Not all staff were trained in using the ligature cutters and defibrillation in an emergency. Staff did report incidents and safeguarding's. Due to the lack of monitoring systems we were not assured that all incidents that should have been reported were.

There was lack of space for storage. There were limited facilities to encourage patients to have a choice of meeting up for activities and lack of staff meeting rooms. This meant that equipment such as mops were stored outside; medication was split between patient’s apartments and the clinical room. It also meant that the staff hub, a small communal area was noisy. The noise affected a patient who required a quiet and calm environment. Psychology and psychotherapy were undertaken in the patient's own apartment. This was not always the best place for patient's to talk about difficult issues and leave it behind.

There was a lack of activities for patients and this was affected by the lack of transport available to take them out into the community. There was minimal occupational therapy (OT) input to support rehabilitation.

Staff were not aware of patients' ability to read and write. Communication profiles were either not in place or the plans lacked detailed information. This meant that assessments were not thorough about individual needs and the plans that would support them. Information was not available to patients in an easy to understand format. There were no other ways of communication used to help patients understand information given to them.

The psychiatrist, speech and language therapist (SALT) and psychologist were employed for  two sessions per week. This meant there was little time available to undertake weekly reviews of all patients and work with individual patients. Support workers were not involved in the clinical team meetings. Support staff were not clear about what they should do to carry out the plans following clinical meetings or psychotherapy sessions with patients.

There were restrictive practices in place in which stable doors were kept locked by staff and opened following a nurse’s decision.

Patients did not have copies of their care plans. Care plans were not focused on recovery and there was little recording of discharge planning.

Some patients had limited verbal communication and were not able to tell us in detail what they thought about the care.

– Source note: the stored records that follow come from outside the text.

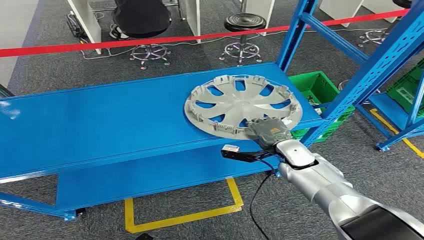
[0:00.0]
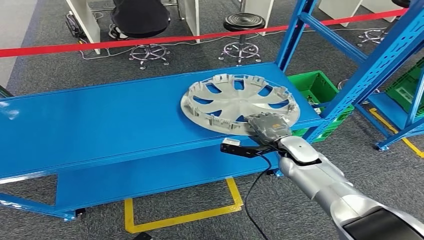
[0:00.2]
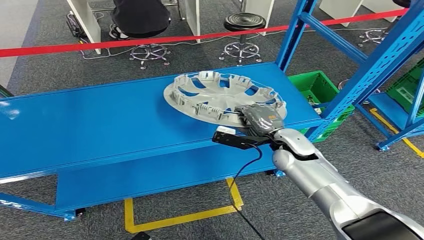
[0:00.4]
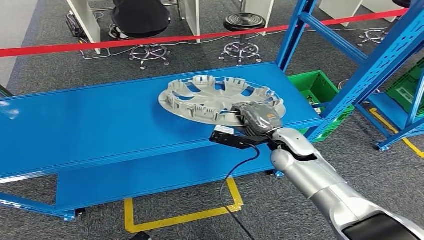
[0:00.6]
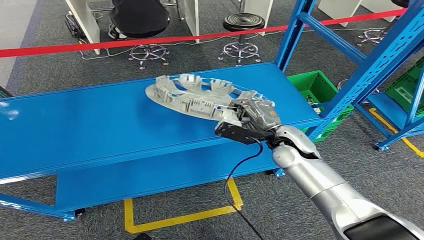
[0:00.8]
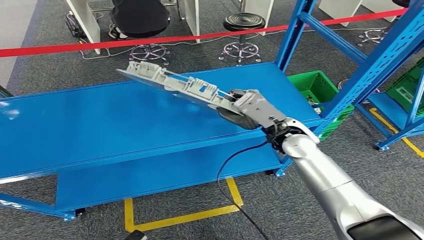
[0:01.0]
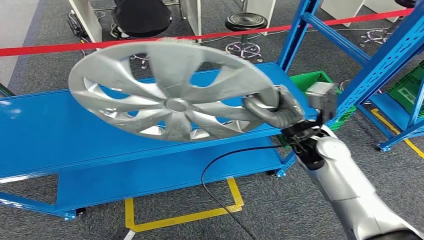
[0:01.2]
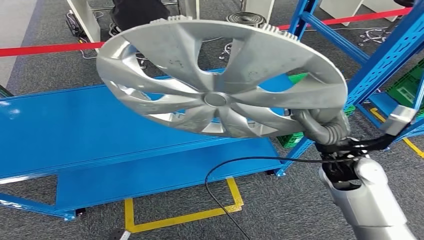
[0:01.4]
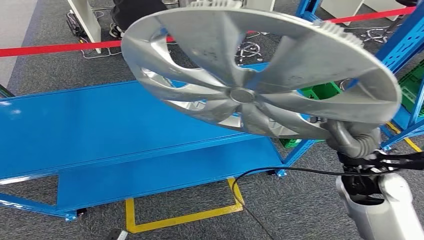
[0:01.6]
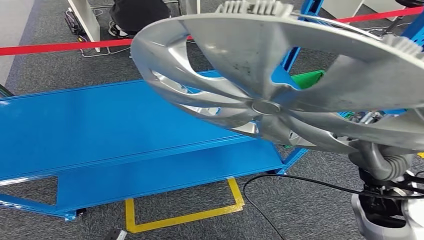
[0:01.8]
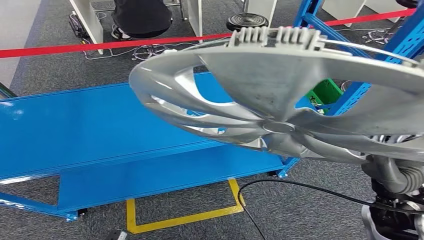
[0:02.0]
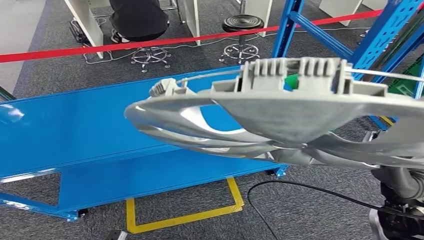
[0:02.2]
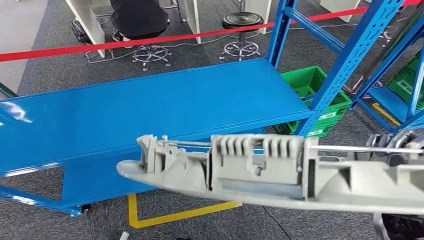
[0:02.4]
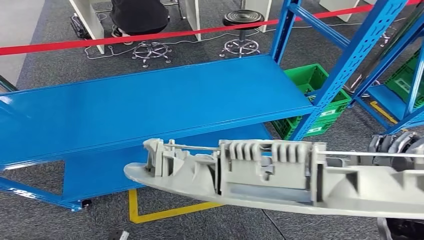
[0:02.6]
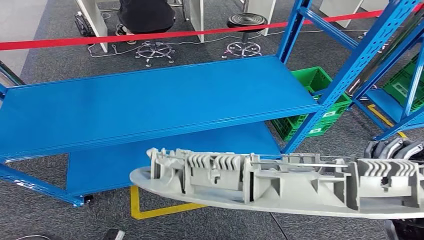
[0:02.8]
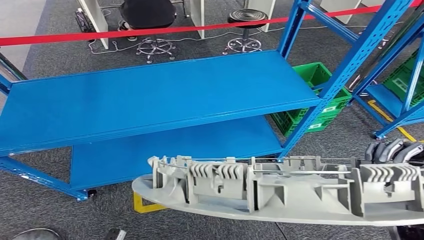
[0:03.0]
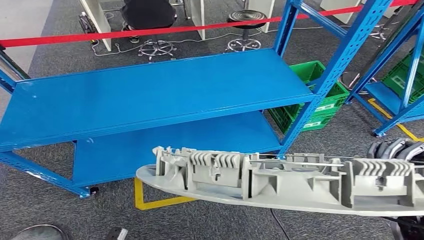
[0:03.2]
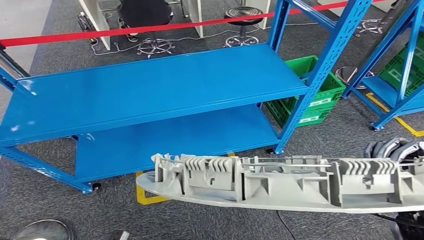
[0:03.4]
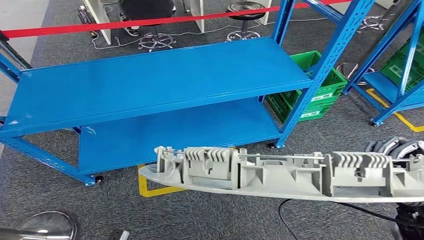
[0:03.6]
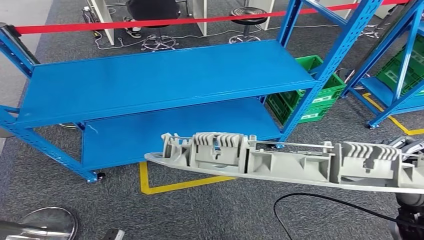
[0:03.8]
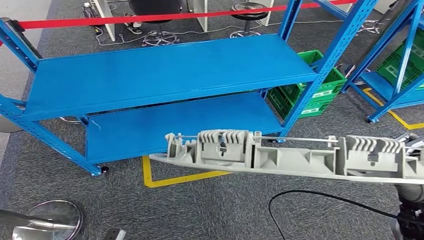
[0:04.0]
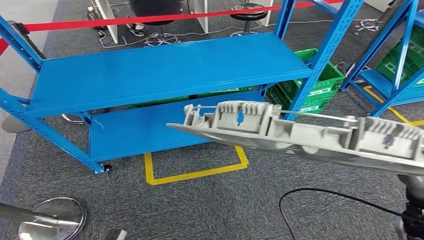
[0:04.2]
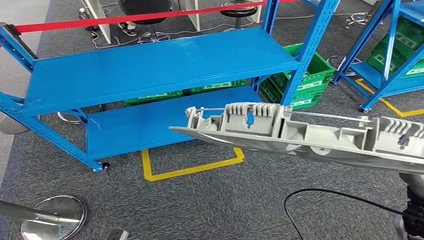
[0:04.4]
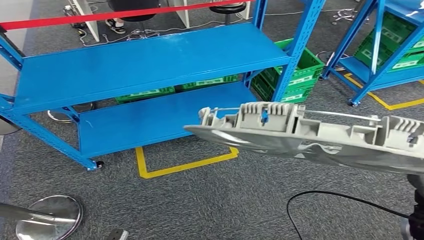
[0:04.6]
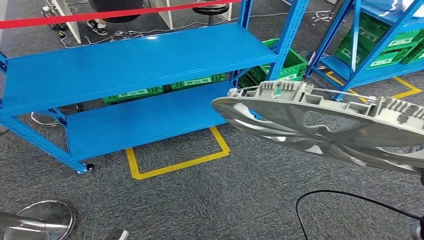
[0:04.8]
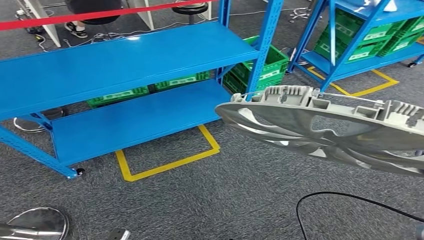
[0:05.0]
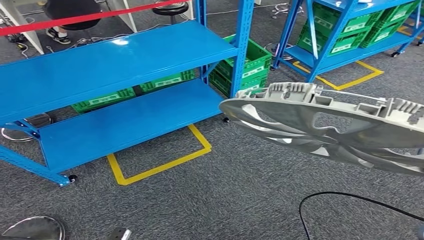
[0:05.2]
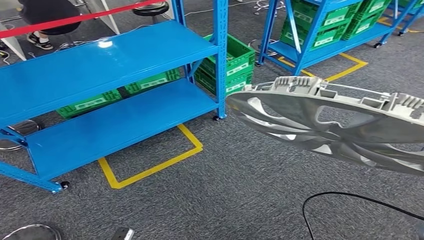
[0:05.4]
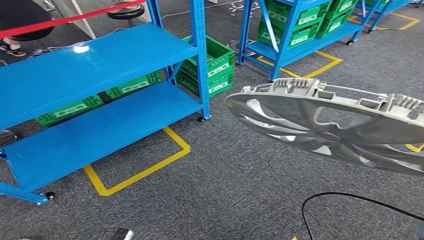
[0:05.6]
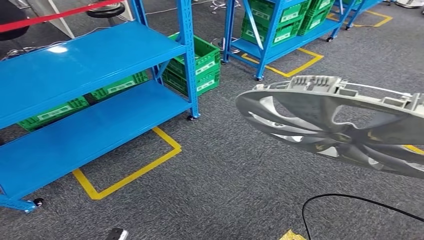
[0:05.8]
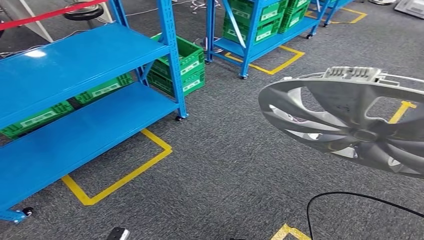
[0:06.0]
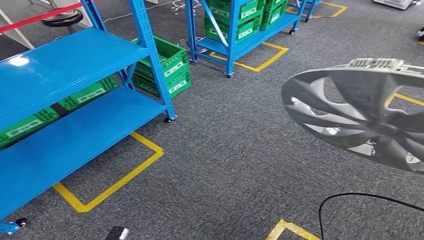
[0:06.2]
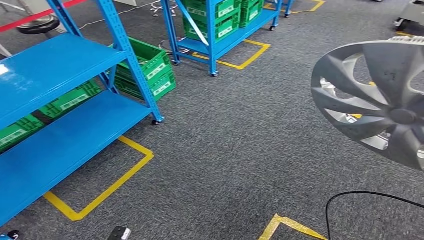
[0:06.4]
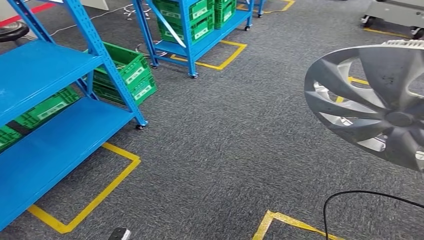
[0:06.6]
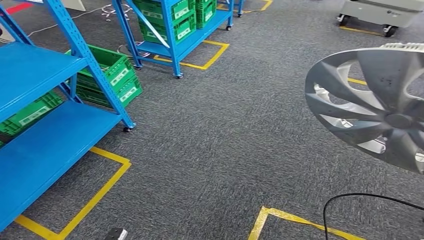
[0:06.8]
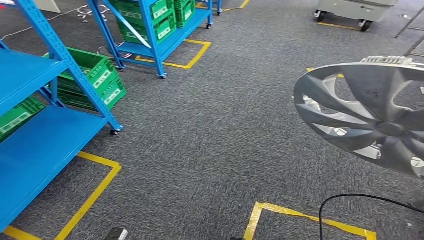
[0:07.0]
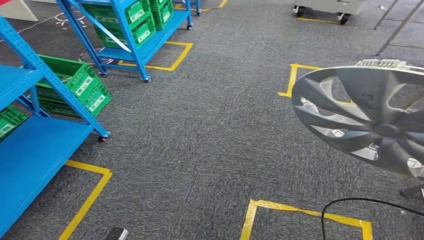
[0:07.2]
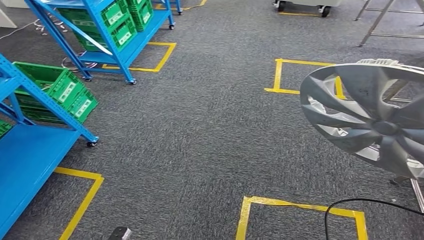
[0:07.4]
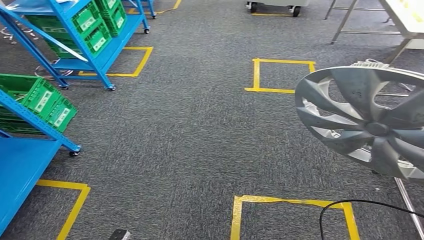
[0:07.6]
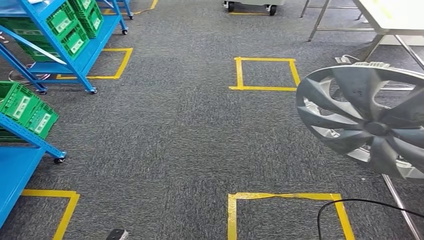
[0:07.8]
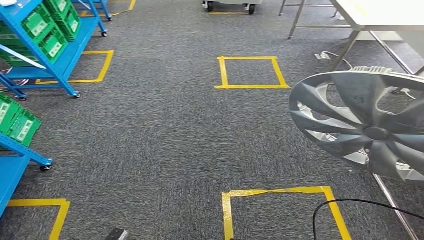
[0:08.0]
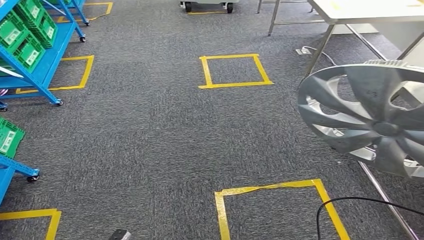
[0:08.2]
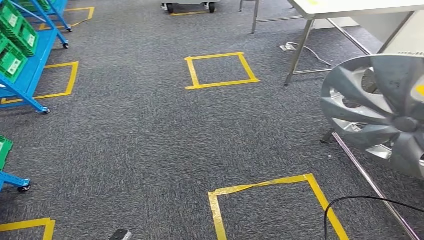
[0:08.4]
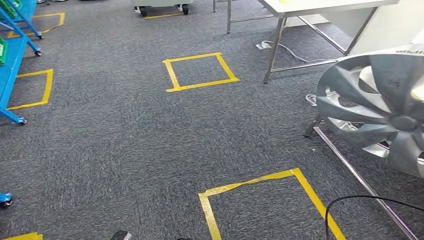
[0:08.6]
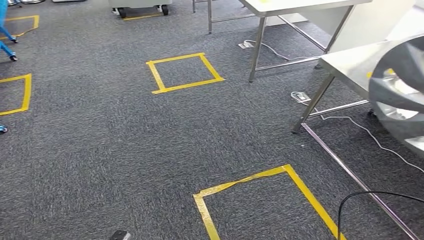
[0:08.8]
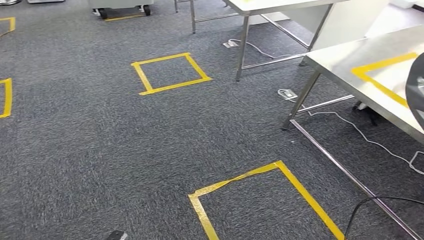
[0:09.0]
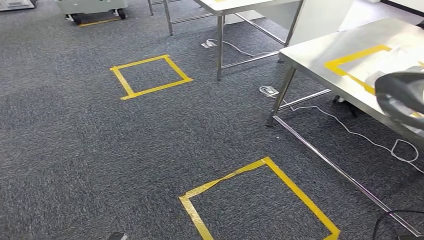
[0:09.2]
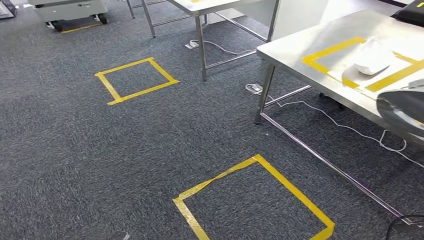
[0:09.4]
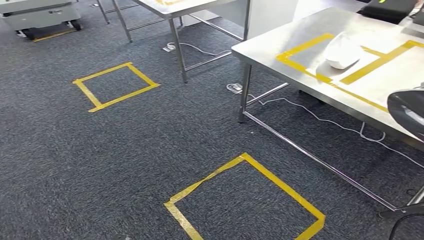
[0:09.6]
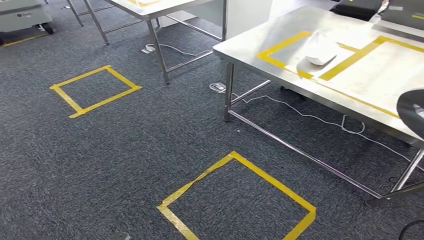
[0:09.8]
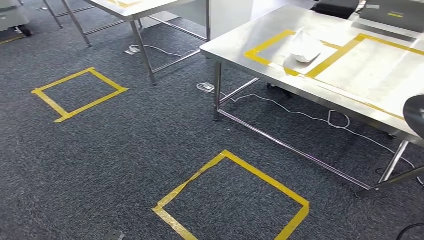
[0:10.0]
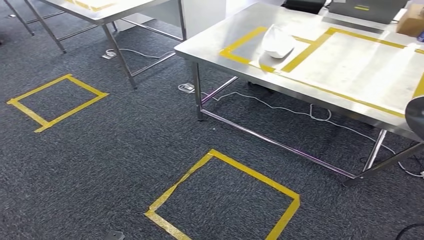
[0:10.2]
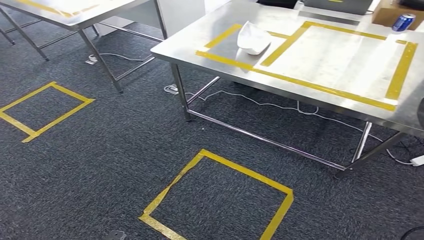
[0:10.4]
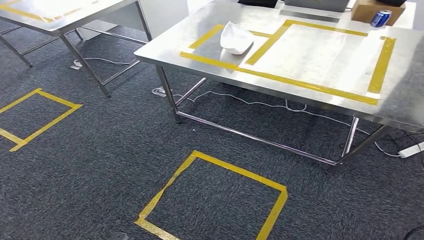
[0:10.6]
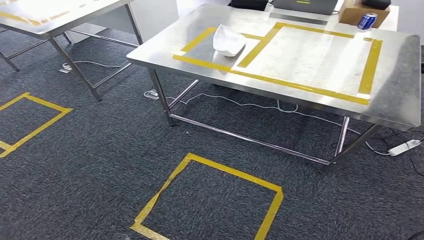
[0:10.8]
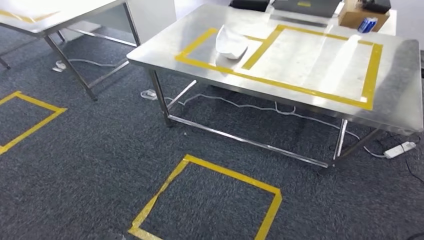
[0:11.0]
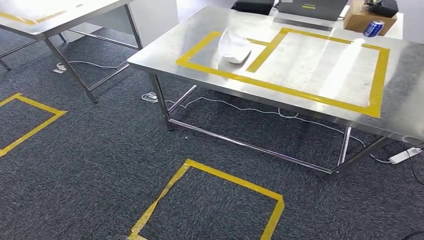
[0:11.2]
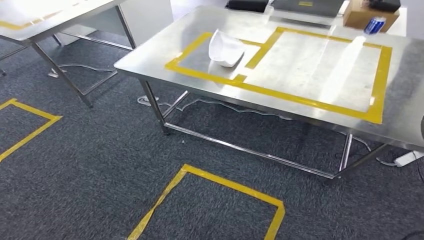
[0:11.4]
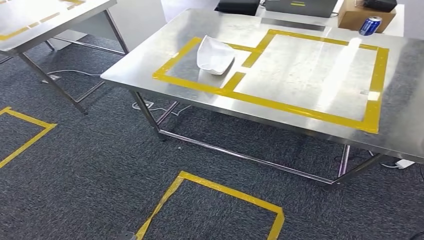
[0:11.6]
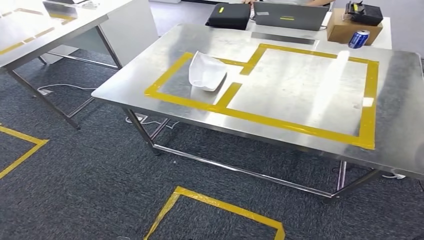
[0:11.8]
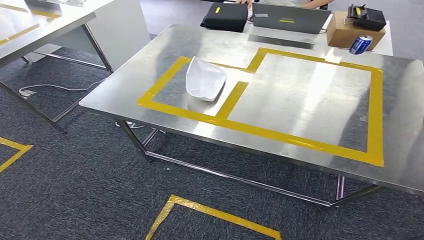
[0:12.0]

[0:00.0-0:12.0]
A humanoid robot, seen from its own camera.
Step, 0:00.0 to 0:02.6: Pick up the small component from the shelf.
Step, 0:02.8 to 0:11.2: Move the small component to the workbench.

They did not give any negative comments. Carers were satisfied with the care, although some found the travel from out of the area difficult and others were concerned about the lack of activities. Staff were caring and committed.

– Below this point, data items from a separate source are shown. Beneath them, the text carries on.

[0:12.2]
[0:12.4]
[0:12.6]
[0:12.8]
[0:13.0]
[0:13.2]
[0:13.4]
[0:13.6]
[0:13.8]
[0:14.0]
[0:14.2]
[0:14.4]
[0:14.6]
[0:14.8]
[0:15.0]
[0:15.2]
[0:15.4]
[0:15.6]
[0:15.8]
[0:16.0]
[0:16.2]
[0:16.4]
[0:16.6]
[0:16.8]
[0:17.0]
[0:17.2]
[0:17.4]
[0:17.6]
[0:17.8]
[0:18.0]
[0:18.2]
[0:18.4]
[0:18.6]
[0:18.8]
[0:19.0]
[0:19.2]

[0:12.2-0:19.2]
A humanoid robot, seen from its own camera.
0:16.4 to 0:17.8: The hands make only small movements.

Staff did not have an understanding of the MCA and DoLS and how and when this applied to people who were detained under the MHA.

There was no management overview of whether safe practice was occurring due to the lack of performance monitoring.

We issued a warning notice relating to regulation 17 HCSA (RA) 2014 good governance.

20 May 2013

During a routine inspection

We spoke to one of the three people living at the hospital; another did not wish to speak to us and we spoke with the advocate of the third person who also acted as their independent mental health advocate (IMHA).

The person we spoke with felt the staff encouraged and enabled their decision making. The person said, "The staff explain things to me so I understand and can make decisions. We found the staff acted appropriately when they suspected people may lack capacity and protected their rights.

People had their care and welfare needs met well. The person we spoke with told us they had not seen their care plan, but they felt cared for and supported by the staff. The advocate told us the care plans were accurate and as up to date as possible, she told us people seemed very happy with the care they received.

People were protected from the risk of harm or abuse and said they felt safe at the service.

We found that the staff received training and supervision to help them understand the needs of people living at the service. A person told us, "It's alright here, they look after us, I like my keyworker. The staff are nice, I think they understand us. They help me cope."